Nisâ Sûresi 157. Ayet

وَقَوْلِهِمْ اِنَّا قَتَلْنَا الْمَس۪يحَ ع۪يسَى ابْنَ مَرْيَمَ رَسُولَ اللّٰهِۚ وَمَا قَتَلُوهُ وَمَا صَلَبُوهُ وَلٰكِنْ شُبِّهَ لَهُمْۜ وَاِنَّ الَّذ۪ينَ اخْتَلَفُوا ف۪يهِ لَف۪ي شَكٍّ مِنْهُۜ مَا لَهُمْ بِه۪ مِنْ عِلْمٍ اِلَّا اتِّبَاعَ الظَّنِّۚ وَمَا قَتَلُوهُ يَق۪يناًۙ  ...

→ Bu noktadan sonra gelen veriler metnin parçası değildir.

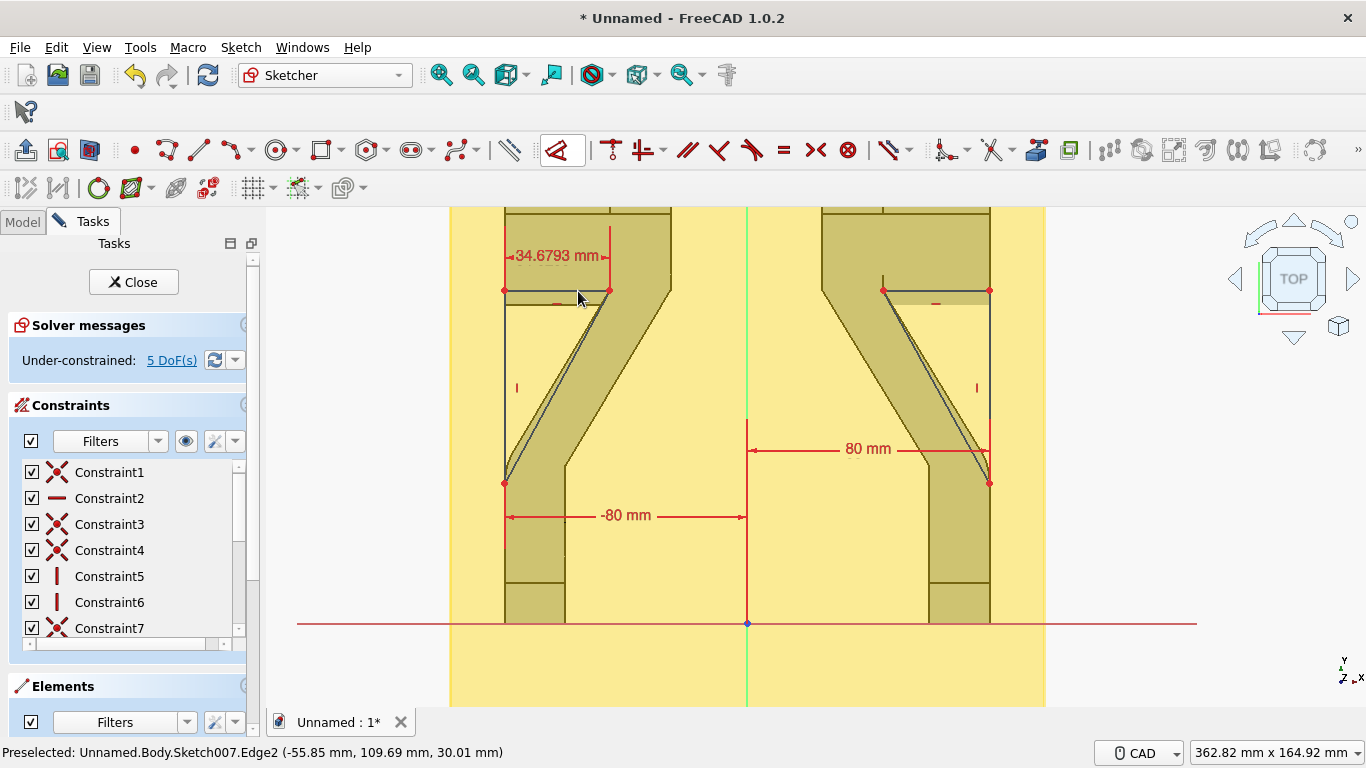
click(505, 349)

Bir de inkârlarından ve Meryem’e büyük bir iftira atmalarından ve “Biz Allah’ın peygamberi Meryem oğlu İsa Mesih’i öldürdük” demelerinden dolayı kalplerini mühürledik. Oysa onu öldürmediler ve asmadılar. Fakat onlara öyle gibi gösterildi. Onun hakkında anlaşmazlığa düşenler, bu konuda kesin bir şüphe içindedirler. O hususta hiçbir bilgileri yoktur. Sadece zanna uyuyorlar. Onu kesin olarak öldürmediler.  (156 - 157. Ayetler Meali)
 
Sıra Kelime Anlamı Kökü
1 وَقَوْلِهِمْ ve demelerinden (ötürü) ق و ل
2 إِنَّا elbette
3 قَتَلْنَا biz öldürdük ق ت ل
4 الْمَسِيحَ Mesih’i
5 عِيسَى Îsa
6 ابْنَ oğlu ب ن ي
7 مَرْيَمَ Meryem
8 رَسُولَ elçisi ر س ل
9 اللَّهِ Allah’ın
10 وَمَا oysa
11 قَتَلُوهُ onu öldürmediler ق ت ل
12 وَمَا ve
13 صَلَبُوهُ asmadılar ص ل ب
14 وَلَٰكِنْ fakat
15 شُبِّهَ benzer gösterildi ش ب ه
16 لَهُمْ kendilerine
17 وَإِنَّ ve şüphesiz
18 الَّذِينَ
19 اخْتَلَفُوا ayrılığa düşenler خ ل ف
20 فِيهِ onun hakkında
21 لَفِي içindedirler
22 شَكٍّ tam bir kuşku ش ك ك
23 مِنْهُ ondan yana
24 مَا yoktur
25 لَهُمْ onların
26 بِهِ o hususta
27 مِنْ hiç
28 عِلْمٍ bilgileri ع ل م
29 إِلَّا sadece
30 اتِّبَاعَ uyuyorlar ت ب ع
31 الظَّنِّ zanna ظ ن ن
32 وَمَا
33 قَتَلُوهُ onu öldürmediler ق ت ل
34 يَقِينًا yakinen ي ق ن
 

صلب: Sert, katı, pek, çetin, sağlam ve dayanıklı  demektir.Güçlü olma nokta-ı nazarından 'sırt' صَلَب ve صَلْب olarak adlandırılmıştır. ألإصْطِلاب  ve الصَّلْب kemikten yağ çıkarmak demektir. الصَّلِيب sözcüğü, üzerinde çarmıha gerilen tahtadır. (Müfredat) Kur’ân’ı Kerim’de türevleriyle birlikte 8 ayette geçmiştir. (Mucemul Müfehres) Türkçede kullanılan şekilleri sulb, Sulbiye, selâbet ve sâliptir. (Kur’ânı Anlayarak Okuma Rehberi)

 

وَقَوْلِهِمْ اِنَّا قَتَلْنَا الْمَس۪يحَ ع۪يسَى ابْنَ مَرْيَمَ رَسُولَ اللّٰهِۚ 

 

Ayet atıf harfi  وَ ’la öncesinde geçen  قَوْلِهِمْ ’e matuftur.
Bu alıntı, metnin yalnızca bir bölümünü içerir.